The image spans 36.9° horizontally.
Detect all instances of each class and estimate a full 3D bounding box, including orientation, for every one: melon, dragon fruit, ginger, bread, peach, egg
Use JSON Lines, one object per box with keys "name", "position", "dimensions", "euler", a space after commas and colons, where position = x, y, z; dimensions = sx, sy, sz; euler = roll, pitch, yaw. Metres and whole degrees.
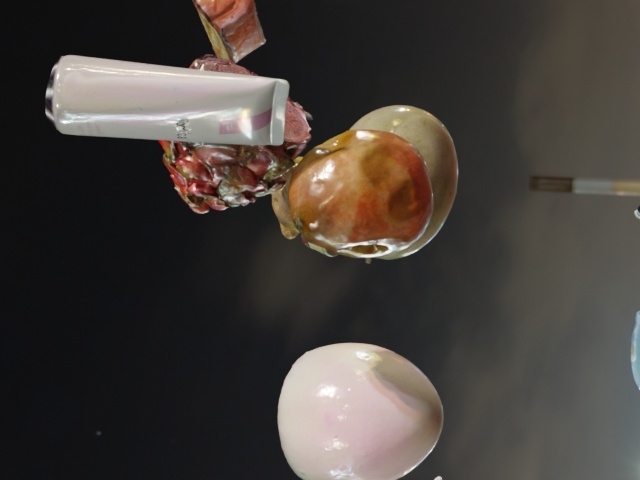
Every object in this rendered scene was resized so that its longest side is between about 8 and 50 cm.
{"name": "melon", "position": [0.145, -0.112, 1.980], "dimensions": [0.268, 0.268, 0.330], "euler": [30, -107, -65]}
{"name": "dragon fruit", "position": [-0.211, -0.196, 1.927], "dimensions": [0.263, 0.314, 0.296], "euler": [-53, 20, 26]}
{"name": "ginger", "position": [-0.045, -0.111, 2.179], "dimensions": [0.354, 0.126, 0.190], "euler": [122, 165, -74]}
{"name": "bread", "position": [-0.208, -0.499, 2.152], "dimensions": [0.190, 0.123, 0.244], "euler": [55, 173, 15]}
{"name": "peach", "position": [0.054, -0.065, 1.525], "dimensions": [0.235, 0.214, 0.214], "euler": [-16, -68, -30]}
{"name": "egg", "position": [0.126, 0.421, 2.287], "dimensions": [0.354, 0.339, 0.355], "euler": [10, -103, -52]}

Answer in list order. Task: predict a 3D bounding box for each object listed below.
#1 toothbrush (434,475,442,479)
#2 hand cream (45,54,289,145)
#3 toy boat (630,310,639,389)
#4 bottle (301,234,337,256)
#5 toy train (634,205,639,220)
{"name": "toothbrush", "position": [0.135, 0.361, 1.174], "dimensions": [0.017, 0.014, 0.162], "euler": [37, -135, -27]}
{"name": "hand cream", "position": [-0.230, -0.205, 1.465], "dimensions": [0.185, 0.358, 0.118], "euler": [101, 174, -62]}
{"name": "toy boat", "position": [0.625, 0.211, 1.731], "dimensions": [0.102, 0.088, 0.215], "euler": [18, -108, -40]}
{"name": "bottle", "position": [0.000, -0.002, 1.806], "dimensions": [0.047, 0.101, 0.063], "euler": [-3, -79, -32]}
{"name": "toy train", "position": [0.741, -0.078, 1.949], "dimensions": [0.043, 0.207, 0.047], "euler": [-108, 6, -54]}
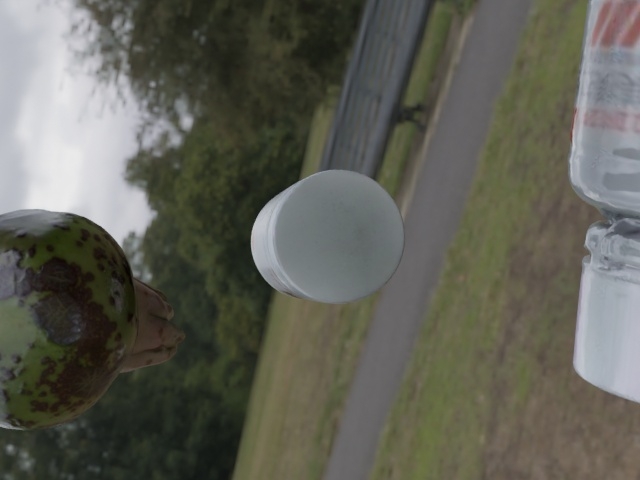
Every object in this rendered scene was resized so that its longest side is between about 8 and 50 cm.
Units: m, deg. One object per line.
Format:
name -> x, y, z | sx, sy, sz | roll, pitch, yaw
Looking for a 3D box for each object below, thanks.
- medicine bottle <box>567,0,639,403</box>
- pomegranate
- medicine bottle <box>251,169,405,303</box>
medicine bottle -> 0.305, -0.048, 0.913 | 0.256, 0.256, 0.324 | -96, 12, -81
pomegranate -> -0.154, 0.036, 0.726 | 0.163, 0.138, 0.125 | -28, -82, -48
medicine bottle -> 0.000, 0.000, 0.875 | 0.183, 0.086, 0.086 | 168, 114, -83
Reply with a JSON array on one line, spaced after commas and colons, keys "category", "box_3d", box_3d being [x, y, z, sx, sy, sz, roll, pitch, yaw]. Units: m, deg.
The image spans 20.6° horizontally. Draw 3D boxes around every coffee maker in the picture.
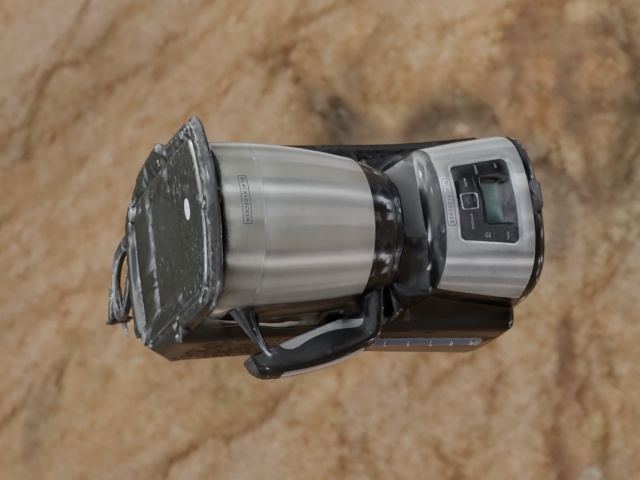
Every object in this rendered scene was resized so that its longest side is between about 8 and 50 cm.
[{"category": "coffee maker", "box_3d": [0.000, 0.000, 0.886, 0.171, 0.178, 0.120, -169, 80, -67]}]
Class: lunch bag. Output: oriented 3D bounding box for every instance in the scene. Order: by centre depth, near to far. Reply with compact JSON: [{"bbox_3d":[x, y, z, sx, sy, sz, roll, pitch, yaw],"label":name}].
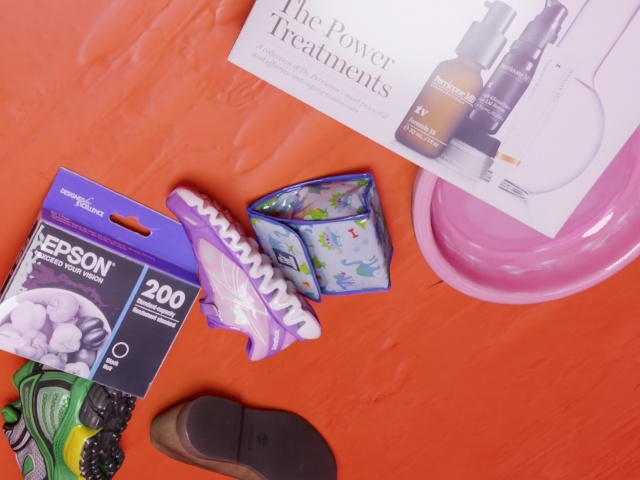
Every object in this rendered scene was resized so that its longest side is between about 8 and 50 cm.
[{"bbox_3d":[0.000,0.000,1.161,0.151,0.096,0.129,-5,132,15],"label":"lunch bag"}]

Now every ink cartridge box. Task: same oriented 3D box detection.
[{"bbox_3d":[-0.245,0.053,1.120,0.206,0.045,0.208,26,91,-29],"label":"ink cartridge box"}]

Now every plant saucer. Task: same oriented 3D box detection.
[{"bbox_3d":[0.263,-0.073,1.164,0.332,0.084,0.332,-6,128,-7],"label":"plant saucer"}]

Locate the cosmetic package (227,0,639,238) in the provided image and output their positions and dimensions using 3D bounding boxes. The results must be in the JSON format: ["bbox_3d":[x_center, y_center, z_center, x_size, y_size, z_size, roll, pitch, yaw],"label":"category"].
[{"bbox_3d":[0.142,-0.211,0.945,0.377,0.097,0.284,27,116,-7],"label":"cosmetic package"}]

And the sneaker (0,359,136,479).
[{"bbox_3d":[-0.339,0.264,1.289,0.146,0.134,0.343,31,131,10],"label":"sneaker"}]

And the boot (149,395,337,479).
[{"bbox_3d":[-0.102,0.293,1.381,0.115,0.112,0.305,-18,142,42],"label":"boot"}]

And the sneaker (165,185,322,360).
[{"bbox_3d":[-0.105,0.045,1.123,0.104,0.095,0.236,-38,102,4],"label":"sneaker"}]
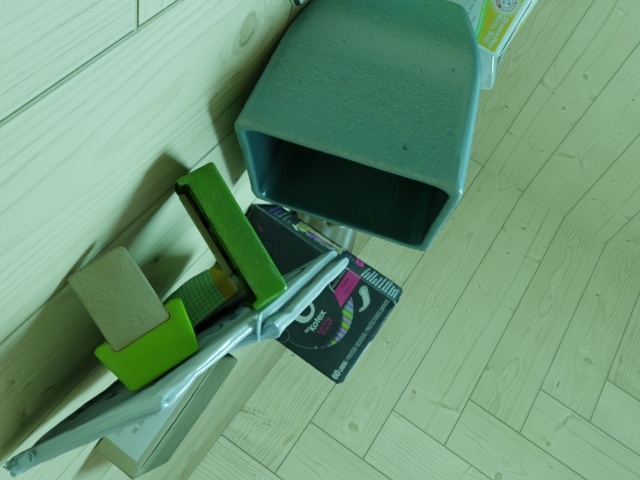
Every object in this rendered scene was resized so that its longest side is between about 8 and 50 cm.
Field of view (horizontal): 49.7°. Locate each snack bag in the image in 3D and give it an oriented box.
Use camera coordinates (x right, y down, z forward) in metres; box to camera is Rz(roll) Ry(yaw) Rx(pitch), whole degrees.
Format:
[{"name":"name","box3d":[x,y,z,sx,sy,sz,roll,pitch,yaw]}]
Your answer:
[{"name":"snack bag","box3d":[-0.158,0.141,0.804,0.323,0.037,0.342,-28,-174,36]}]

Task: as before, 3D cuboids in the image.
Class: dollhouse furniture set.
[{"name":"dollhouse furniture set","box3d":[-0.180,0.043,0.809,0.197,0.151,0.301,-33,-175,-12]}]

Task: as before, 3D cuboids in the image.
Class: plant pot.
[{"name":"plant pot","box3d":[0.000,0.000,1.397,0.167,0.167,0.165,-45,159,-53]},{"name":"plant pot","box3d":[0.065,-0.165,0.847,0.247,0.247,0.252,92,17,-74]}]

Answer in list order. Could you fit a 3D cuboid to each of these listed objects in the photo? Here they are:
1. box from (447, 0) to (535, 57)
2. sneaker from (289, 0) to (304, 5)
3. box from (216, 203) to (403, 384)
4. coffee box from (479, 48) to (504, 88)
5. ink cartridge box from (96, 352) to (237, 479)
[{"name":"box","box3d":[0.189,-0.352,0.908,0.114,0.203,0.103,-50,170,-38]},{"name":"sneaker","box3d":[-0.003,-0.272,0.698,0.083,0.037,0.032,-59,173,28]},{"name":"box","box3d":[-0.023,0.079,1.125,0.165,0.270,0.143,-58,172,9]},{"name":"coffee box","box3d":[0.251,-0.382,1.140,0.297,0.118,0.168,-59,151,-52]},{"name":"ink cartridge box","box3d":[-0.257,0.279,1.199,0.235,0.088,0.193,-54,170,-7]}]
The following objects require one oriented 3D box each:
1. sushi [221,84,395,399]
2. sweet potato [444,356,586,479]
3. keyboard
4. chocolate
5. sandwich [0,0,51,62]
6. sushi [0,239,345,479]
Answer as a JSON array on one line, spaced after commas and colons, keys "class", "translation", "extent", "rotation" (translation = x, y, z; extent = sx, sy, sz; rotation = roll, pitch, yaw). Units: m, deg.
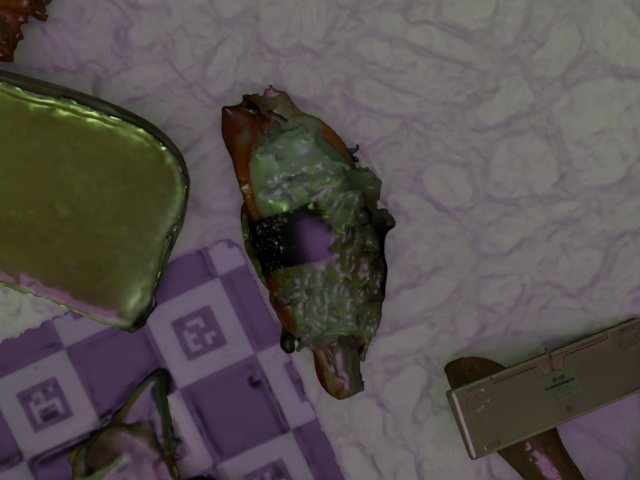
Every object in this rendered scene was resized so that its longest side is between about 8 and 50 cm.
[{"class": "sushi", "translation": [0.002, 0.000, 1.140], "extent": [0.097, 0.103, 0.226], "rotation": [-18, 98, -17]}, {"class": "sweet potato", "translation": [0.165, 0.167, 1.187], "extent": [0.050, 0.050, 0.214], "rotation": [-37, 96, 2]}, {"class": "keyboard", "translation": [0.166, 0.102, 1.162], "extent": [0.166, 0.017, 0.055], "rotation": [-19, 90, -23]}, {"class": "chocolate", "translation": [-0.215, -0.052, 1.133], "extent": [0.261, 0.083, 0.161], "rotation": [22, 114, -6]}, {"class": "sandwich", "translation": [-0.270, -0.218, 1.111], "extent": [0.184, 0.109, 0.160], "rotation": [7, 115, -5]}, {"class": "sushi", "translation": [-0.153, 0.228, 1.173], "extent": [0.359, 0.064, 0.343], "rotation": [-25, 96, 1]}]
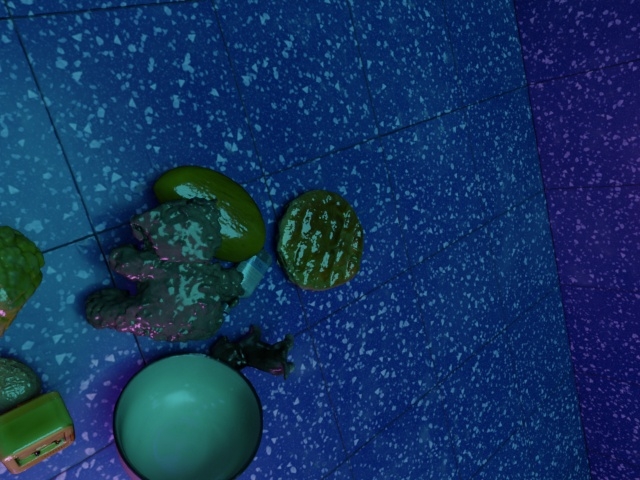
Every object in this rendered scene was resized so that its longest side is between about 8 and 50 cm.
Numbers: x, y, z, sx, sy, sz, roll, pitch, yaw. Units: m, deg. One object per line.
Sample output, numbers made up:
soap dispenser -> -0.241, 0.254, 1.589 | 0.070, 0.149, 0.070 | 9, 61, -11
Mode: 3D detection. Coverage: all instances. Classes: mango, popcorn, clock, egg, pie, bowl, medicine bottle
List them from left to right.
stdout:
popcorn -> -0.668, 0.104, 0.983 | 0.173, 0.225, 0.286 | 39, 68, -28
egg -> -0.662, 0.304, 1.061 | 0.140, 0.116, 0.118 | 24, 93, -3
clock -> -0.600, 0.402, 1.056 | 0.143, 0.202, 0.096 | -27, 73, -36
bowl -> -0.330, 0.473, 1.237 | 0.353, 0.354, 0.185 | -10, 141, -37
mango -> -0.272, -0.078, 1.331 | 0.332, 0.142, 0.195 | 51, 58, -26
medicine bottle -> -0.219, 0.112, 1.431 | 0.090, 0.053, 0.209 | 45, 68, -31
pie -> 0.000, 0.000, 1.582 | 0.339, 0.083, 0.340 | -2, 94, -35

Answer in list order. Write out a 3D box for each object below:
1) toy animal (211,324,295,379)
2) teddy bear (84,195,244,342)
toy animal -> -0.180, 0.324, 1.404 | 0.168, 0.233, 0.122 | -43, 138, -73
teddy bear -> -0.338, 0.066, 1.211 | 0.357, 0.224, 0.368 | 13, 93, -36
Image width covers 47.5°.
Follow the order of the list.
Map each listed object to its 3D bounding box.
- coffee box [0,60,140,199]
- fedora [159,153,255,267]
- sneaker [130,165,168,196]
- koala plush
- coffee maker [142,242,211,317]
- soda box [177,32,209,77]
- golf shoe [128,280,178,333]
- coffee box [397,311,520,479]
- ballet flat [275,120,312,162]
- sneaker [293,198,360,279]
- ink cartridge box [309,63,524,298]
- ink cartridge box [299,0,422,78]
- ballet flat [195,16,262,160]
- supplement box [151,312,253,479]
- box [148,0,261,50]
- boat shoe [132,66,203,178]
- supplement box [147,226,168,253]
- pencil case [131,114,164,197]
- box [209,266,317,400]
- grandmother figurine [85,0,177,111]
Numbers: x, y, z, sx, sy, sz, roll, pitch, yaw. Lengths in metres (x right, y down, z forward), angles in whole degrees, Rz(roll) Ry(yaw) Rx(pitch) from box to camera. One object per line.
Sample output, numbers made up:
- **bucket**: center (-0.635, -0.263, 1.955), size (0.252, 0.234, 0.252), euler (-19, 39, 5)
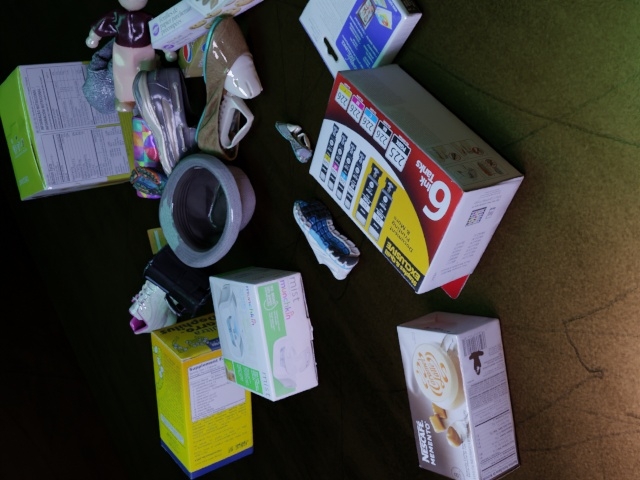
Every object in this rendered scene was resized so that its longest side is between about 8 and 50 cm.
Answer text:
━━━━━━━━━━━━━━━━
The task: What you write must be the entries restated word for word, from the opening line through the one holding "Use JSON Lines, one", with nothing else.

Exercise result:
The image spans 36.9° horizontally.
Detect all instances of each class and estimate a full 3D bounding box, including orientation, for every one: melon, dragon fruit, ginger, bread, peach, egg
Use JSON Lines, one object per box with keys "name", "position", "dimensions", "euler", a space after commas and colons, where position = x, y, z; dimensions = sx, sy, sz; euler = roll, pitch, yaw. Metres and whole degrees.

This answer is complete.